JOHN KING, CNN SENIOR WHITE HOUSE CORRESPONDENT: Well, Kyra, good afternoon. Mr. Bush now on his way back to Washington from Wall Street. It is back in Washington, where he will fight the increasingly bruising political war over what should be done about corporate corruption, what the government needs to do to improve corporate responsibility.

Democrats, obviously some disagreements with the president. They have aired those in recent hours, even as the president was delivering his message here on Wall Street. Mr. Bush on the one hand saying corporate America must do much of this work on its own. Mr. Bush saying most corporate CEOs are good actors, but that they must have a new corporate responsibility, a sense of ethics, to correct the misdeeds of the bad actors. Mr. Bush proposing tougher jail sentences for any CEOs convicted of fraud, tougher penalties for mail fraud or shredding documents in any investigations of alleged fraud.

Mr. Bush wants millions of dollars, 20 million immediately, 100 million more next year, to beef up the Securities and Exchange Commission. He came to office as a free-market deregulation Republican, but Mr.

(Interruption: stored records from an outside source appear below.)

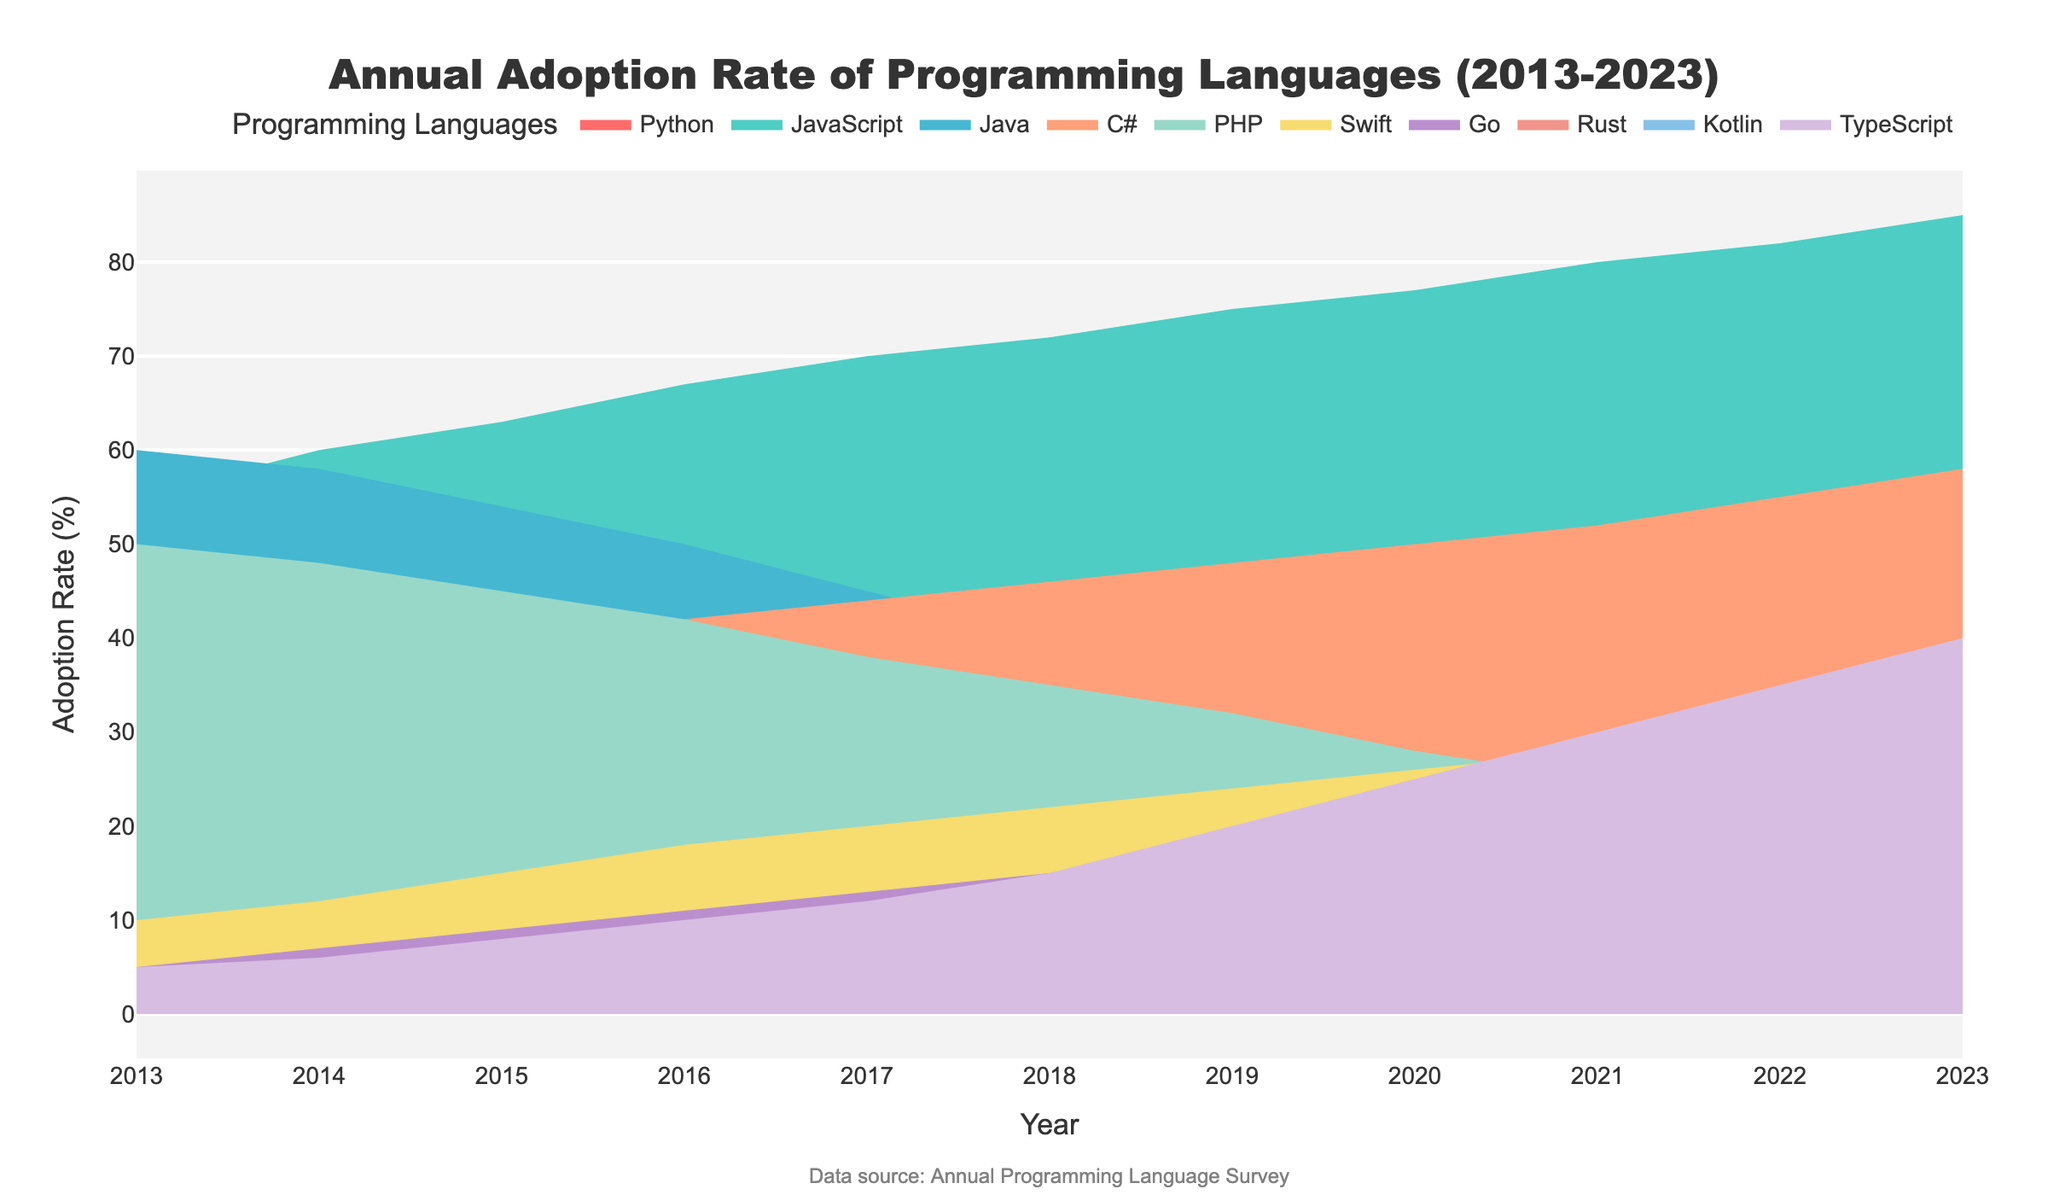What is the title of the chart? The title of the chart is displayed prominently at the top of the figure and reads "Annual Adoption Rate of Programming Languages (2013-2023)".
Answer: Annual Adoption Rate of Programming Languages (2013-2023) Which programming language has the highest adoption rate in 2023? Looking at the year 2023 on the x-axis and observing the heights of the color bands, the language with the highest band is JavaScript, reaching the highest point on the y-axis.
Answer: JavaScript What color represents the adoption rate of Python? The color band for Python is a prominent feature in the chart, and it is the first trace added with the color #FF6B6B, which is a shade of red.
Answer: Red In which year did Python adoption rate surpass 50%? By tracing the color band for Python along the x-axis, in the year 2019, the band reaches the 50% mark on the y-axis.
Answer: 2019 Which language shows a steady increase in adoption rate from 2013 to 2023? By observing the trend lines for all languages, we note that the bands for TypeScript show a consistent increase every year without any dips.
Answer: TypeScript Between which years did C# have a stable adoption rate? Following the band for C#, it maintains a steady position from 2020 to 2022 without any noticeable increase or decrease.
Answer: 2020 to 2022 How many languages saw their adoption rates decrease over the decade (2013-2023)? Observing the trend of each color band from 2013 to 2023, we can see that Java, PHP, and JavaScript have decreasing trends by the end of the period.
Answer: Three Which language had the lowest adoption rate in 2013, and what was its value? Looking at the starting points on the y-axis for each color band in 2013, Rust starts at the lowest position with an adoption rate of 1%.
Answer: Rust, 1% In which years did the adoption rate of Swift experience notable increments? By observing the Swift color band's step-like increases, the most significant increments occur in the years 2016 and 2023.
Answer: 2016 and 2023 Compare the adoption rates of Go and Kotlin in 2021. Which one is higher and by how much? From the chart, the adoption rate for Go in 2021 is at 21%, and for Kotlin, it is at 25%. Subtract 21 from 25 to get the difference.
Answer: Kotlin is higher by 4%

Bush saying in his speech here today on Wall Street that because of the Enron accounting scandal, the WorldCom accounting scandal and others like it, that corporate America, Wall Street has left the government no choice but to step in and take dramatic steps and take them now.

(BEGIN VIDEO CLIP)

BUSH: Government cannot remove risk from investment -- I know that -- or chance from the market. But government can do more to promote transparency and ensure that risks are honest. And government can ensure that those who breech the trust of the American people are punished.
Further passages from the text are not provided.